A peer can be pinned in trust yet unsendable: its relay endpoint's slot_token stays empty until the peer's pair_drop_ack lands (common right after pairing, an MCP/daemon restart, or when we're not federation-reachable so the ack can't arrive). wire send already classifies this and returns an actionable peer_unknown reason — but both dial surfaces short-circuited a pinned peer to a bland already_pinned with no sendability check.

Result: an operator/agent whose sends were bouncing peer_unknown would re-dial the bare nick forever, seeing a reassuring already_pinned each time and never the real cause. (This is the exact loop a real cross-machine session hit — bare-nick re-dial → already_pinned → send → peer_unknown, repeat.)

Fix

Extract one shared classifier send::unsendable_reason(peer) -> Option<String> (None = a usable route exists; Some = the same reason string the send path emits) and route all three surfaces through it so they can't drift:

  • delivery_json PeerUnknown arm now calls it — output preserved exactly.
  • cmd_dial (CLI) PinnedPeer arm pushes a warning step when unsendable; the human printer shows the detail inline (WARN: …) instead of a bare warning label.
  • tool_dial (MCP) PinnedPeer arm adds sendable: bool + an optional reason. status stays already_pinned — additive, no consumer break.

The classifier mirrors the send loop's routability exactly:

  • an HTTP endpoint counts only when relay_url + slot_id + slot_token are all non-empty (matches the send loop's continue skip — a token on a malformed endpoint is not a route);
  • a peer reachable only over Nostr (recorded nostr_transport + a local nostr key, the RFC-007 D3 fallback) reads as sendable, so the dial warning never contradicts what a wire send would actually do.

Tests

send::unsendable_reason_reads_live_state covers: not-pinned → Some; usable HTTP slot → None; pinned-but-empty-token → Some("no token yet"); Nostr-reachable → None; malformed endpoint (token but empty relay_url/slot_id) → Some. Full lib suite: 611 pass, fmt + clippy -D warnings clean.

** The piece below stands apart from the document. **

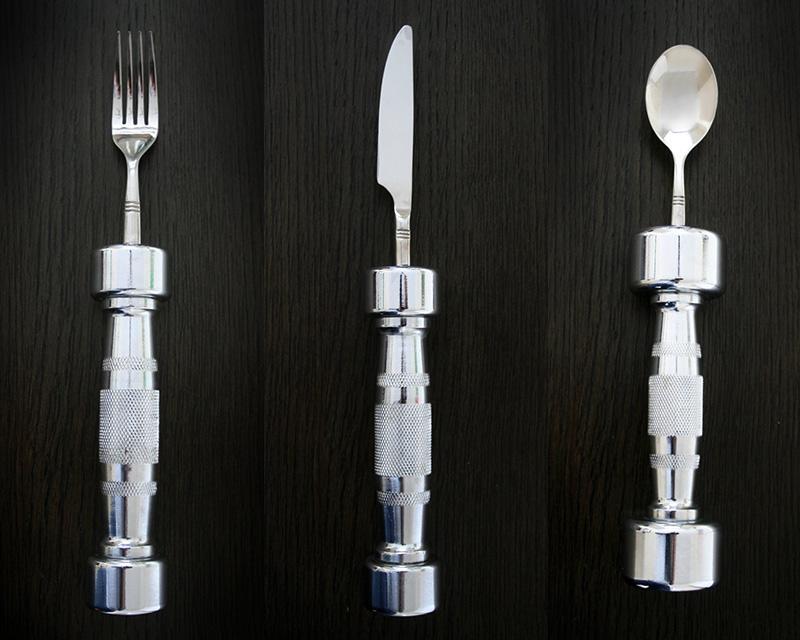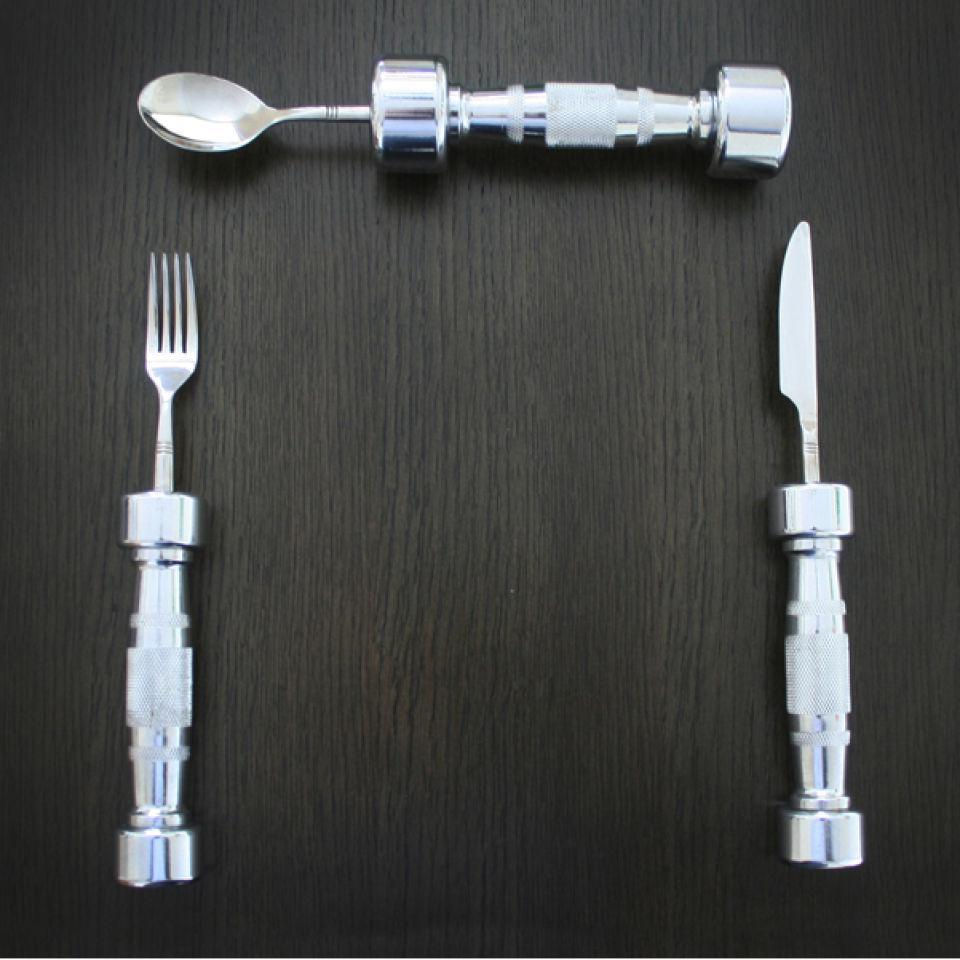The first image is the image on the left, the second image is the image on the right. For the images displayed, is the sentence "There is a knife, fork, and spoon in the image on the right." factually correct? Answer yes or no. Yes.

🤖 Generated with Claude Code

…end` emits

A peer can be pinned in trust yet unsendable: its relay endpoint's
slot_token stays empty until the peer's pair_drop_ack lands (common right
after pairing, an MCP/daemon restart, or when we're not federation-reachable
so the ack can't arrive). `wire send` already classifies this precisely and
returns an actionable `peer_unknown` reason. But both dial surfaces —
CLI `cmd_dial` and MCP `tool_dial` — short-circuited a pinned peer to a
bland `already_pinned` with no sendability check, so an operator/agent whose
sends were bouncing would re-dial the bare nick forever, never seeing the
cause (the loop a real cross-machine session hit).

Extract one shared classifier `send::unsendable_reason(peer) -> Option<String>`
(None = a usable route exists; Some = the same reason the send path emits) and
route all three surfaces through it so they can't drift:
- `delivery_json` PeerUnknown arm now calls it (output preserved exactly).
- `cmd_dial` PinnedPeer arm pushes a `warning` step when unsendable; the
  human printer shows the detail inline instead of a bare "warning" label.
- `tool_dial` PinnedPeer arm adds `sendable: bool` + an optional `reason`
  (status stays `already_pinned` — additive, no consumer break).

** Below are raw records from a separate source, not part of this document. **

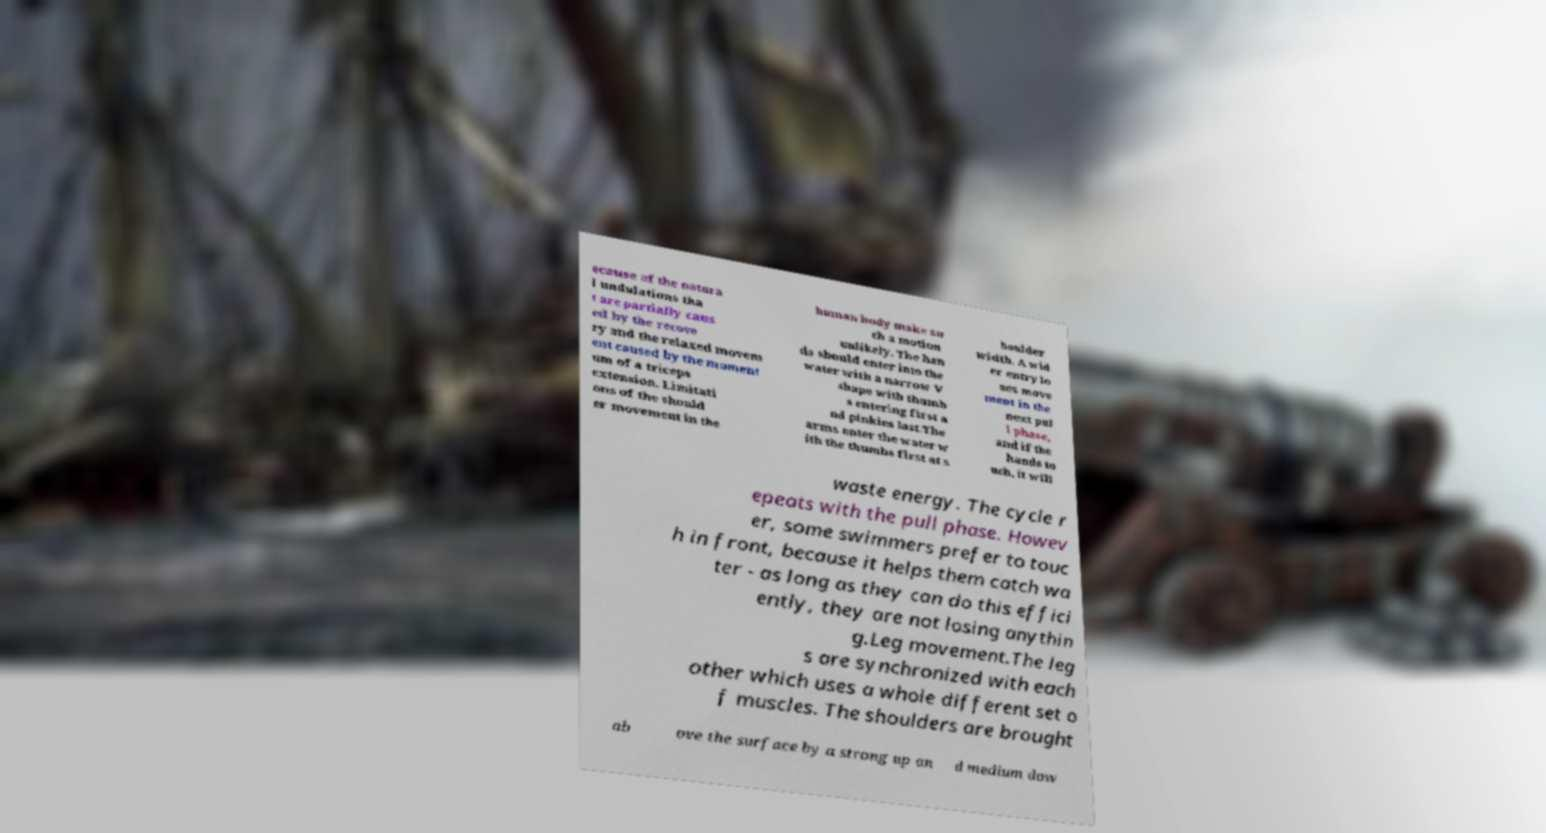There's text embedded in this image that I need extracted. Can you transcribe it verbatim? ecause of the natura l undulations tha t are partially caus ed by the recove ry and the relaxed movem ent caused by the moment um of a triceps extension. Limitati ons of the should er movement in the human body make su ch a motion unlikely. The han ds should enter into the water with a narrow V shape with thumb s entering first a nd pinkies last.The arms enter the water w ith the thumbs first at s houlder width. A wid er entry lo ses move ment in the next pul l phase, and if the hands to uch, it will waste energy. The cycle r epeats with the pull phase. Howev er, some swimmers prefer to touc h in front, because it helps them catch wa ter - as long as they can do this effici ently, they are not losing anythin g.Leg movement.The leg s are synchronized with each other which uses a whole different set o f muscles. The shoulders are brought ab ove the surface by a strong up an d medium dow 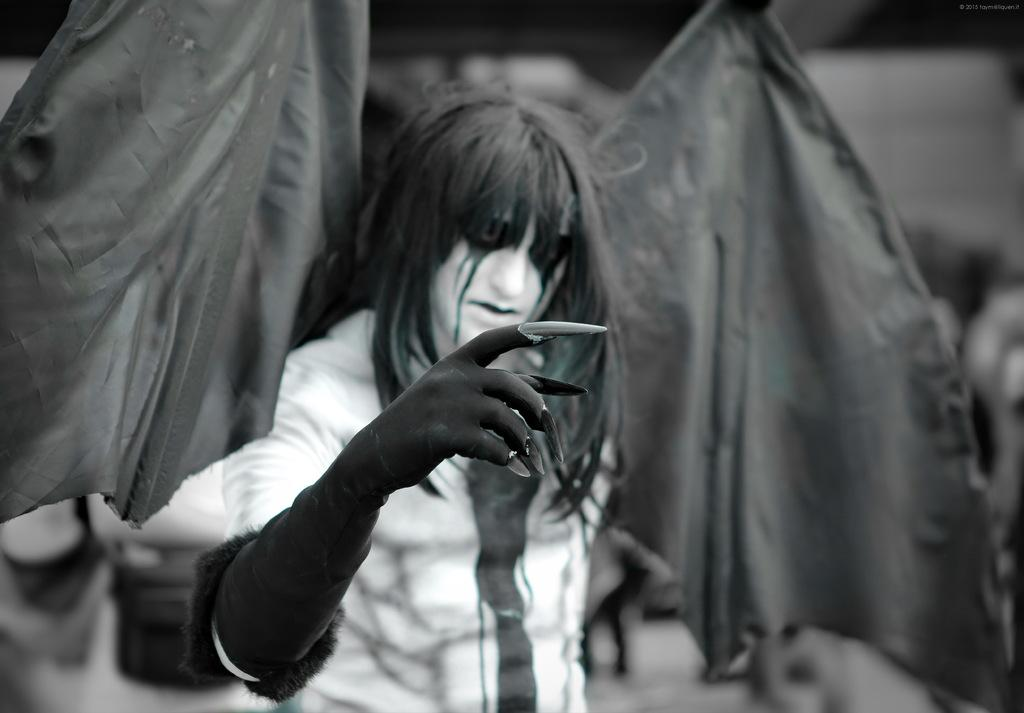What is the color scheme of the image? The image is black and white. Who is the main subject in the image? There is a girl in the middle of the image. What is a noticeable feature of the girl's hand? The girl has sharp and long nails on her hand. What can be seen behind the girl in the image? There are two flags behind the girl. What is an artistic detail on the girl's face? The girl has a painting on her face. What is the name of the deer in the image? There is no deer present in the image; it features a girl with flags and a painted face. How does the girl slip on the ice in the image? There is no ice or slipping depicted in the image; the girl is standing still with flags and a painted face. 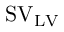Convert formula to latex. <formula><loc_0><loc_0><loc_500><loc_500>S V _ { L V }</formula>

The classifier mirrors the send loop's routability exactly: an HTTP endpoint
counts only when relay_url + slot_id + slot_token are all non-empty, and a
peer reachable only over Nostr (recorded nostr_transport + a local nostr key,
the RFC-007 D3 fallback) reads as sendable — so the dial warning never
contradicts what a send would actually do.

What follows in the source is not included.